Читать книгу Computational Statistics in Data Science - Группа авторов - Страница 42
2.2 Python
ОглавлениеCreated by Guido van Rossum and released in 1991, Python is a hugely popular programming language [4]. Python features readable code, an interactive workflow, and an object‐oriented design. Python's architecture affords rapid application development from prototyping to production. Additionally, many tools integrate nicely with Python, facilitating complex workflows. Python also possesses speed, as most of its high‐performance libraries are implemented in C/C.
Python's core distribution lacks statistical features, prompting developers to create supplementary libraries. Below, we detail four well‐supported statistical and mathematical libraries: NumPy [5], SciPy [6], Pandas [7], and Statsmodels [8].
NumPy is a general and fundamental package for scientific computing [5]. NumPy provides functions for operations on large arrays and matrices, optimized for speed via a C implementation. The package features a dense, homogeneous array called ndarray. ndarray provides computational efficiency and flexibility. Developers consider NumPy a low‐level tool as only foundational functions are available. To enhance capabilities, other statistical libraries and packages use NumPy to provide richer features.
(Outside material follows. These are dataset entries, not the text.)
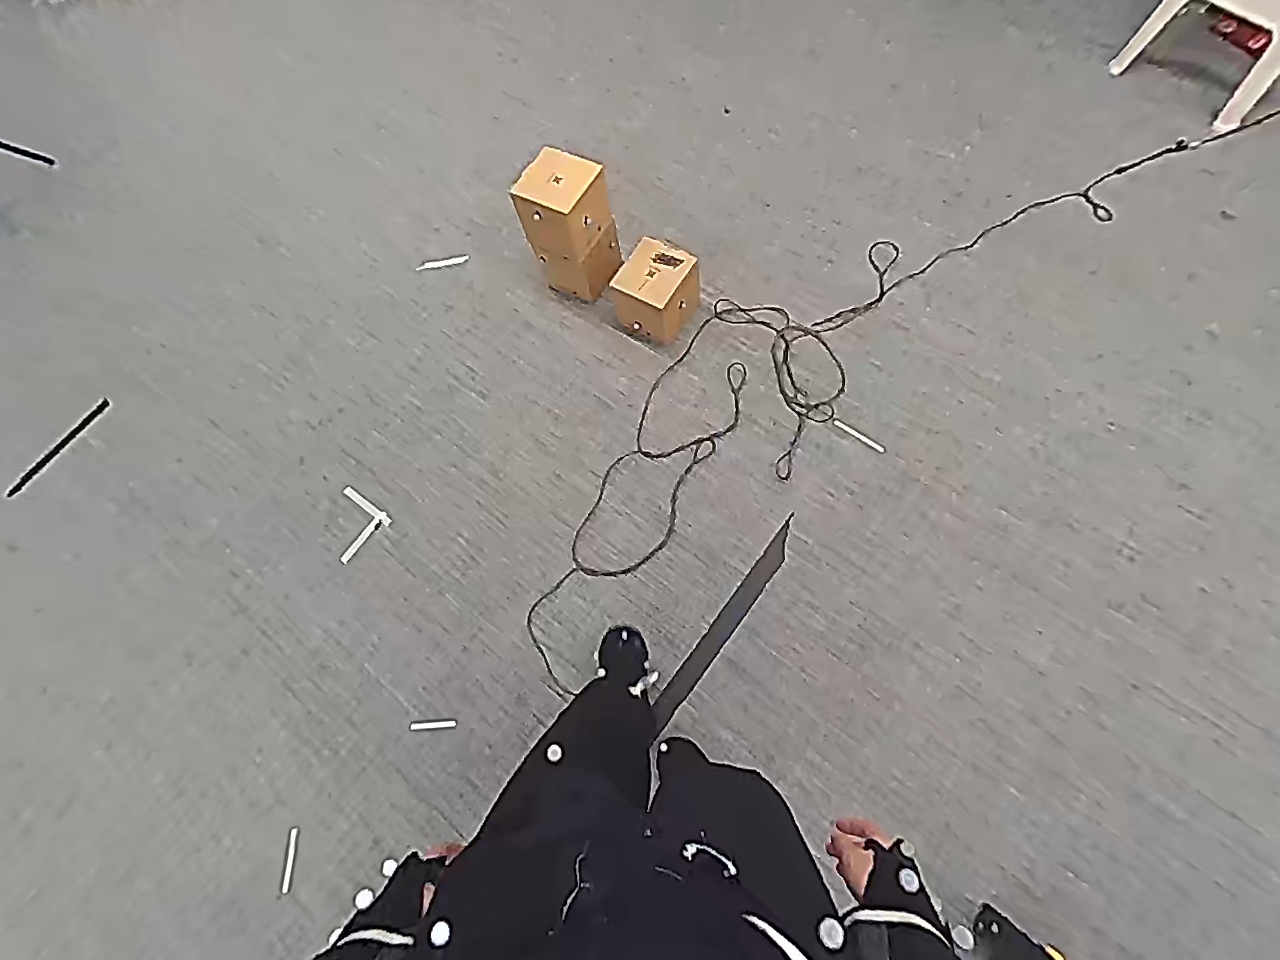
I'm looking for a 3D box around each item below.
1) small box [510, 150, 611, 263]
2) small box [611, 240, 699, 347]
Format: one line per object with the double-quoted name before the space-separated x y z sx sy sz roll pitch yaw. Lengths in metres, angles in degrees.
"small box" -0.193 -0.686 1.373 0.179 0.176 0.168 27 75 16
"small box" 0.045 -0.493 1.446 0.168 0.176 0.179 30 77 17
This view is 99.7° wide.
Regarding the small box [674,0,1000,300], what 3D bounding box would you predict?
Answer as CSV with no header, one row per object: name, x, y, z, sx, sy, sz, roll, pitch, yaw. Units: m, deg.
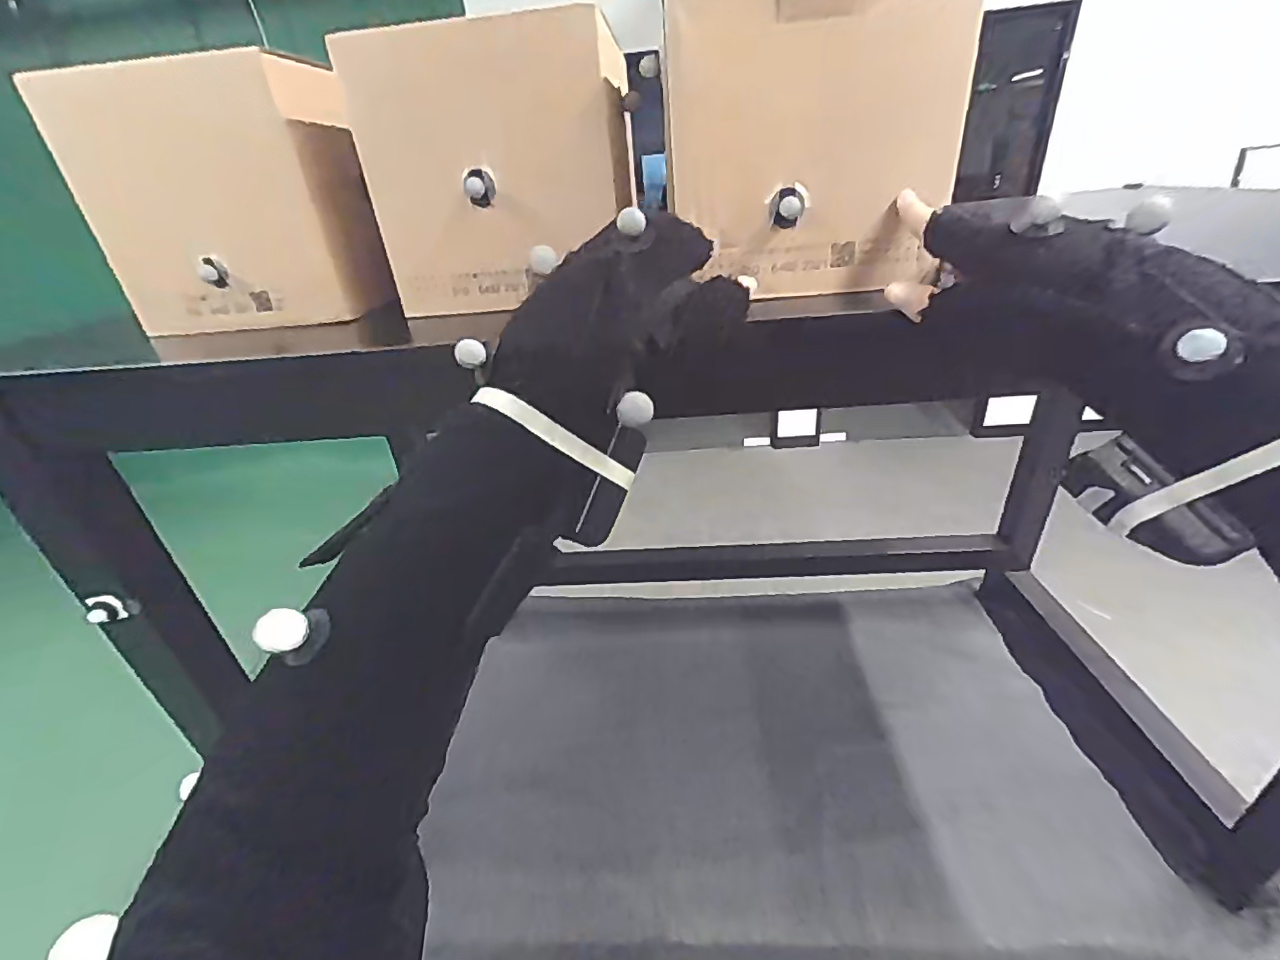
small box,0.108,-0.229,0.380,0.168,0.176,0.179,-3,30,4
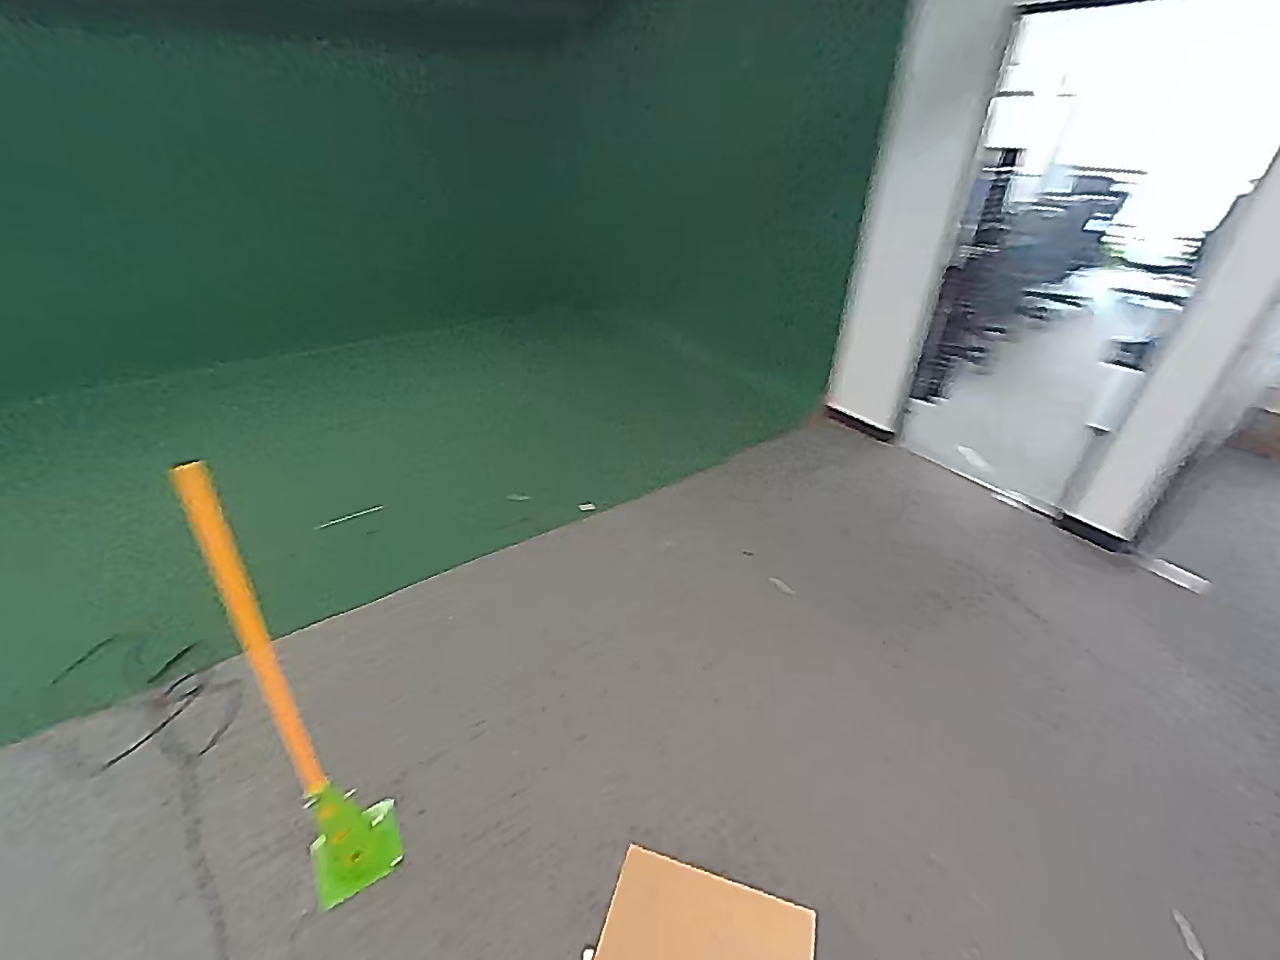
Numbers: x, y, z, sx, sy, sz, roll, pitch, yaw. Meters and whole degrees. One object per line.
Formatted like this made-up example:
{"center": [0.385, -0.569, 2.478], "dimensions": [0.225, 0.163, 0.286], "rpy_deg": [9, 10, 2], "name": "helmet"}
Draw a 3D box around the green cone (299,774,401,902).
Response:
{"center": [-0.768, 0.845, 1.362], "dimensions": [0.202, 0.368, 0.200], "rpy_deg": [-21, 39, -26], "name": "green cone"}
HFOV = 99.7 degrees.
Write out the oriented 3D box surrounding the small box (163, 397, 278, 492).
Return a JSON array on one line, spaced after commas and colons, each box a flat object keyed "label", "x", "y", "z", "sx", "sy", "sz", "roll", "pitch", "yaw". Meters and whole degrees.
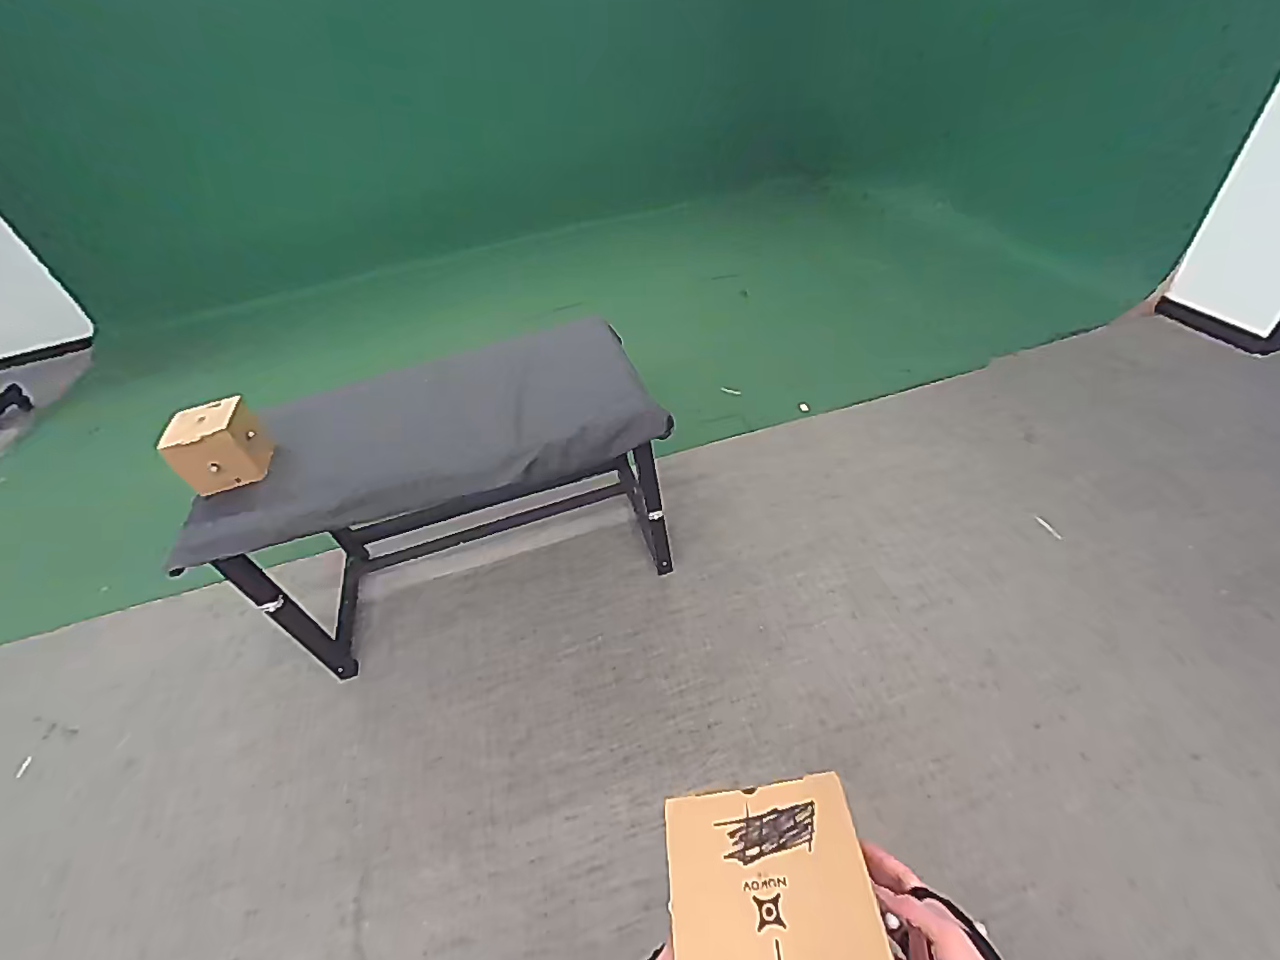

One widely used higher level package, SciPy, employs NumPy to enable engineering and data science [6]. SciPy contains modules addressing standard problems in scientific computing, such as mathematical integration, linear algebra, optimization, statistics, clustering, image, and signal processing.
Another higher level Python package built upon NumPy, Pandas, is designed particularly for data analysis, providing standard models and cohesive frameworks [7]. Pandas implements a data type named DataFrame – a concept similar to the data.frame object in R. DataFrame's structure features efficient methods for data sorting, splicing, merging, grouping, and indexing. Pandas implements robust input/output tools – supporting flat files, Excel files, databases, and HDF files. Additionally, Pandas provides visualization methods via Matplotlib [9].
Lastly, the package Statsmodels facilitates data exploration, estimation, and statistical testing [8]. Built at even a higher level than the other packages discussed, Statsmodels employs NumPy, SciPy, Pandas, and Matplotlib. Many statistical models exist, such as linear regression, generalized linear models, probability distributions, and time series. See http://www.statsmodels.org/stable/index.html for the full feature list.
In addition to the four libraries discussed above, Python features numerous other bespoke packages for a particular task. For ML, the TensorFlow and PyTorch packages are widely used, and for Bayesian inference, Pyro and NumPyro are becoming popular (see more on these packages in Section 4). For big data computations, PySpark provides scalable tools to handle memory and computation time issues. For advanced data visualization, pyplot, seaborn, and plotnine may be worth adopting for a Python‐inclined data scientist.
Python's easy‐to‐learn syntax, speed, and versatility make it a favorite among programmers. Moreover, the packages listed above transform Python into a well‐developed vehicle for data science. We see Python's popularity only increasing in the future. Some believe that Python will eventually eliminate the need for R. However, we feel that the immediate future lies in a Python + R paradigm. Thus, R users may well consider exploring what Python offers as the languages have complementary features.